# Source material:
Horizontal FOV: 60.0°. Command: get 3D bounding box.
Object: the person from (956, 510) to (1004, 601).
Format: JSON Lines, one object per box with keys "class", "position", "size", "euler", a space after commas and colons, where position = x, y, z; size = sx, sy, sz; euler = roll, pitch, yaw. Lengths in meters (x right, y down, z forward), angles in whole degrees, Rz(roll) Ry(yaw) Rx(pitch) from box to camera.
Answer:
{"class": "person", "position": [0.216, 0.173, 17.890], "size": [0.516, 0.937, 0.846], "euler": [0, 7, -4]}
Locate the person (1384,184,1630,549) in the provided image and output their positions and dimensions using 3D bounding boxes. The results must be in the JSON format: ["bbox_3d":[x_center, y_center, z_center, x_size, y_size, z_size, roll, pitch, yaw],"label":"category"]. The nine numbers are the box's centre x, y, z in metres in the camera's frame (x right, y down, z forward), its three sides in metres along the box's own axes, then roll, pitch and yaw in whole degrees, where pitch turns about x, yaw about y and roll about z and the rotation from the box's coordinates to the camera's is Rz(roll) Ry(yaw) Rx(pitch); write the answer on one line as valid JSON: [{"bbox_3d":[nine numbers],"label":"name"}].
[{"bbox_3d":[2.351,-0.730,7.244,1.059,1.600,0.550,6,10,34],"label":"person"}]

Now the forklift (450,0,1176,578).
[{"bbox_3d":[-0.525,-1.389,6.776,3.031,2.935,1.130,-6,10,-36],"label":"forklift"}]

...

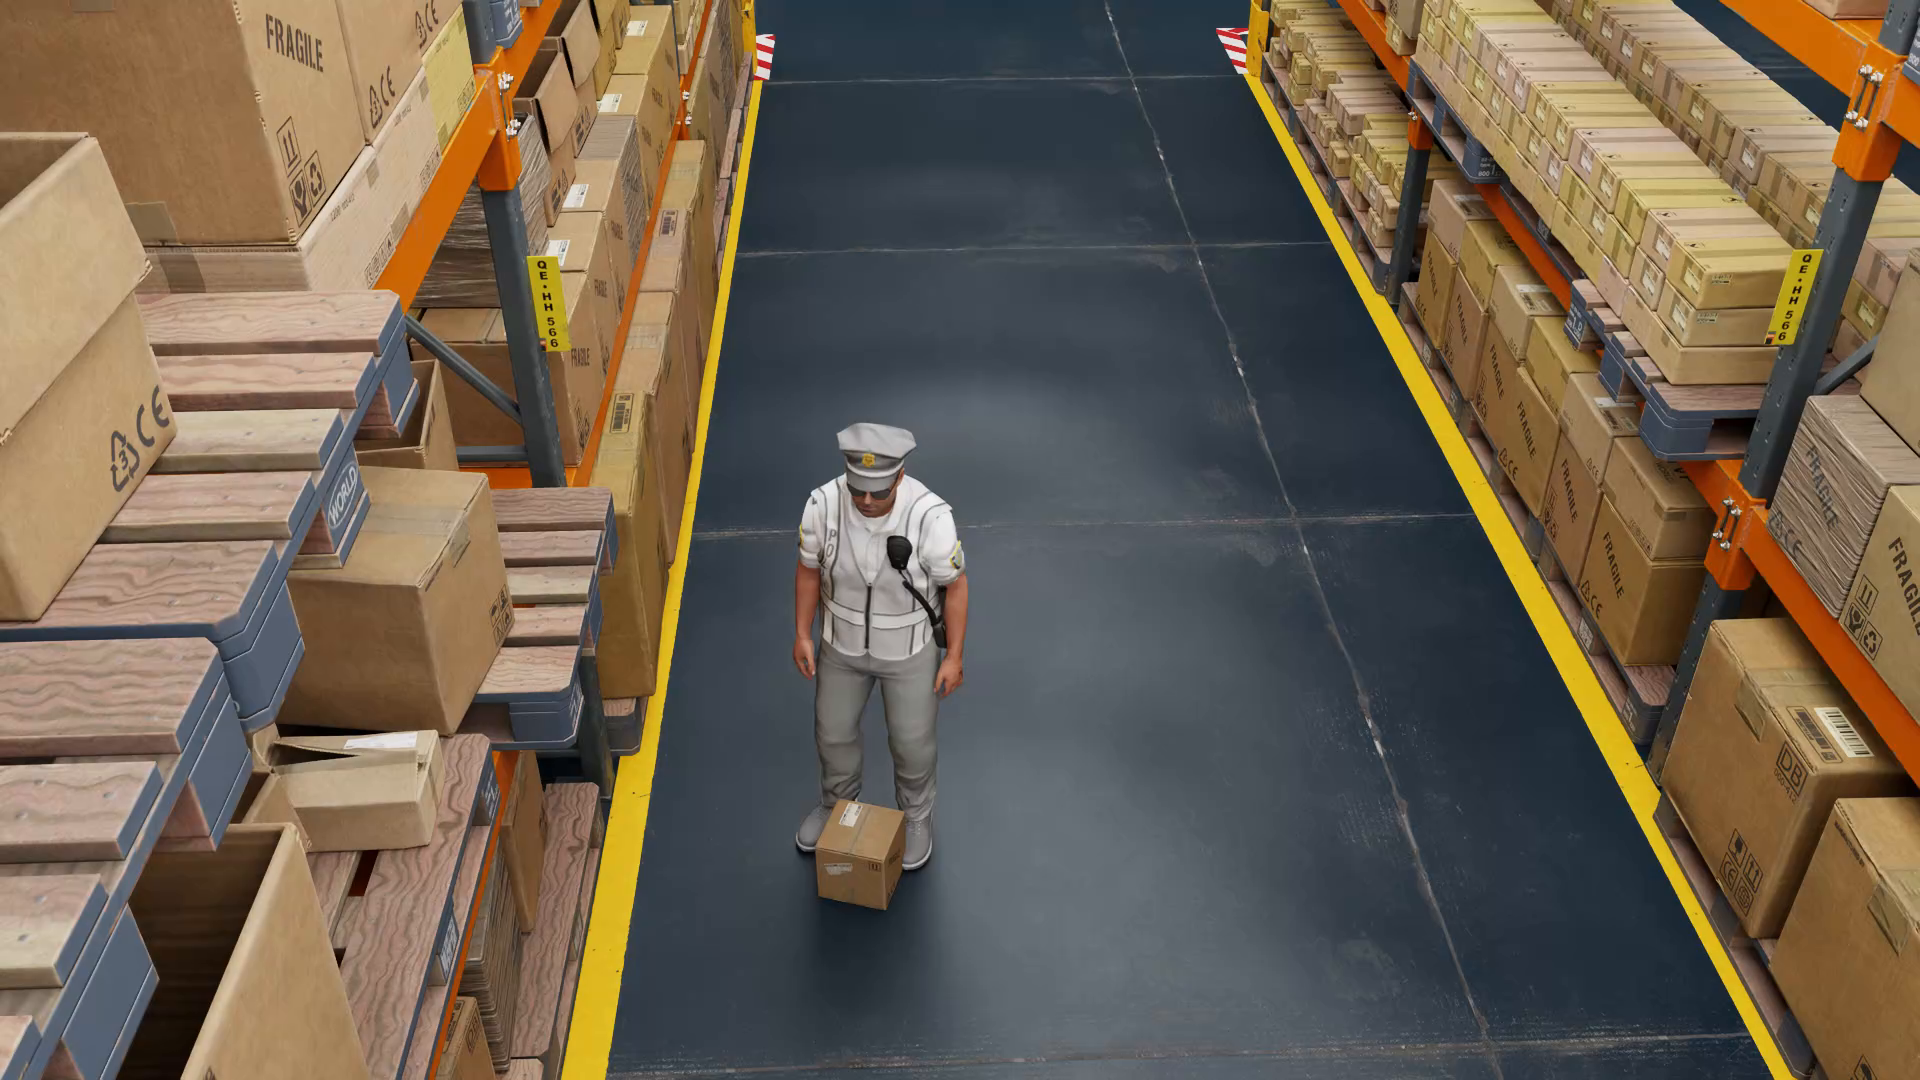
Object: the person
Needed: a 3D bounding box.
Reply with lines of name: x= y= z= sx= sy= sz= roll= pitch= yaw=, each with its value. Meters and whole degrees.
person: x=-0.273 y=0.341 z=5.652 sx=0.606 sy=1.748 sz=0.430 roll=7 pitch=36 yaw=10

# Task to carry out:
When the line with "Horizontal FOV: 60.0°." is reached in the data above, start copying there, and copy each line exactly until the line with "Object: the person from" has been copied; copy nothing else.

# Written response:
Horizontal FOV: 60.0°. Command: get 3D bounding box.
Object: the person from (956, 510) to (1004, 601).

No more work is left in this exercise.